Should this mean threats of reciprocity - killing of the West's leaders and and its own versions of advocates of genocide - then let those threatened people declare "bring it on". Let them too have the courage to face the bullet from afar. (Isn't the dream of the common man to have the two leaders in a conflict fight it out as champions without a multitude of peasants' deaths? This would be as close to it as we are likely to get.)
Should any nation descend into chaos because too much of its leadership class has been removed then - as the neocons never cease to remind us - not all medicine tastes nice. Which is preferable, a chaotic nation where inimical strongmen are still around to help guide the chaos along to their own ends or one where a true "hearts and minds" policy can soften the blow, shorten the interregnum and help the blameless innocent - all of whom will blissfully still be alive - choose a decent path for their nation free of the machinations of terrorist leaders and their enablers?
Let me make myself clear - I'm not advocating secret wars of political assassination here. I'm talking about a new approach to waging declared wars - one that minimizes killing of innocents, maximizes killing the bad guys that count and can drive change in a destructive group or a rogue regime, either by allowing those who are amenable to rational negotiation to rise to power or by decapitating leadership in a way that allows massive reconstruction forces of the kind envisioned by Gates and others - "wingtips on the ground" in current COIN-speak - a far easier time in stepping into the consequent breach.

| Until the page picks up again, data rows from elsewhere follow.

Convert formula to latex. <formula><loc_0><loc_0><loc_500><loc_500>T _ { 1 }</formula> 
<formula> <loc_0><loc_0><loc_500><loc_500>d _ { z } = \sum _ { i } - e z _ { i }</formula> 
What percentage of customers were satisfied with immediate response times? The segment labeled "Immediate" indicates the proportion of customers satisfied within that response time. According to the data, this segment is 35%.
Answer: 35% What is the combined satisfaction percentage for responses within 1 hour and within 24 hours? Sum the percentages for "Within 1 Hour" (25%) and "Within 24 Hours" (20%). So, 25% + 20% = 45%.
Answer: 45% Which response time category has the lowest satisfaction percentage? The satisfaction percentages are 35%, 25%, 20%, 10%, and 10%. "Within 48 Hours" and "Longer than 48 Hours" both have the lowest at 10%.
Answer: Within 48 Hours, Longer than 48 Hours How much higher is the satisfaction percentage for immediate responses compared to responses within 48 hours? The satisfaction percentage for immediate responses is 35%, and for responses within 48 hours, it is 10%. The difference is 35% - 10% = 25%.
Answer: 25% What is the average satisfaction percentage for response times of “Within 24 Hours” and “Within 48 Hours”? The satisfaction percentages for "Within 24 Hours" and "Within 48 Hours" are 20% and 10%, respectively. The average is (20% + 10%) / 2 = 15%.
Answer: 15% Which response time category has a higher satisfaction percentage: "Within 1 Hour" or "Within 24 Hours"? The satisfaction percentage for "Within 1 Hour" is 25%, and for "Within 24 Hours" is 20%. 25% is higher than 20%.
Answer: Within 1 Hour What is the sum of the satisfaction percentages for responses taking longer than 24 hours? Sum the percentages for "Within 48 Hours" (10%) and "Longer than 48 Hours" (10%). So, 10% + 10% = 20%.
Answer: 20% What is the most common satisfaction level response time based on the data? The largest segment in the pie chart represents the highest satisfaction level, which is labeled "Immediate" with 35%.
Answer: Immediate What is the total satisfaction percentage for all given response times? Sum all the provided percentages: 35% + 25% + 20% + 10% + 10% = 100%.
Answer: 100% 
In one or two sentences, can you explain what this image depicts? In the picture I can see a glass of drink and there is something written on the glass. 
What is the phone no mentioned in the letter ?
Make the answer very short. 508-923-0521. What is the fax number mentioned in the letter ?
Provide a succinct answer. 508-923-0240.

But it would mean the U.S. spearheading a move to have the prohibition against direct targeting of political leaders struck from international law - a prohibition nowadays which is effectively ignored by massively penetrating ordinance anyway and which was originally set up by political leaders who wanted to guard their own elite asses while sending peons into the meat-grinder. There would be a political price to pay for that if it wasn't handled delicately and with full explanation of the whys and wherefores. Even so, I think it would make sense from a progressive point of view and from the view of those COIN specialists contemplating the kinds of wars America and the world look to be engaging in for now and the considerable future.
So go on - shoot it down, build on it, whatever.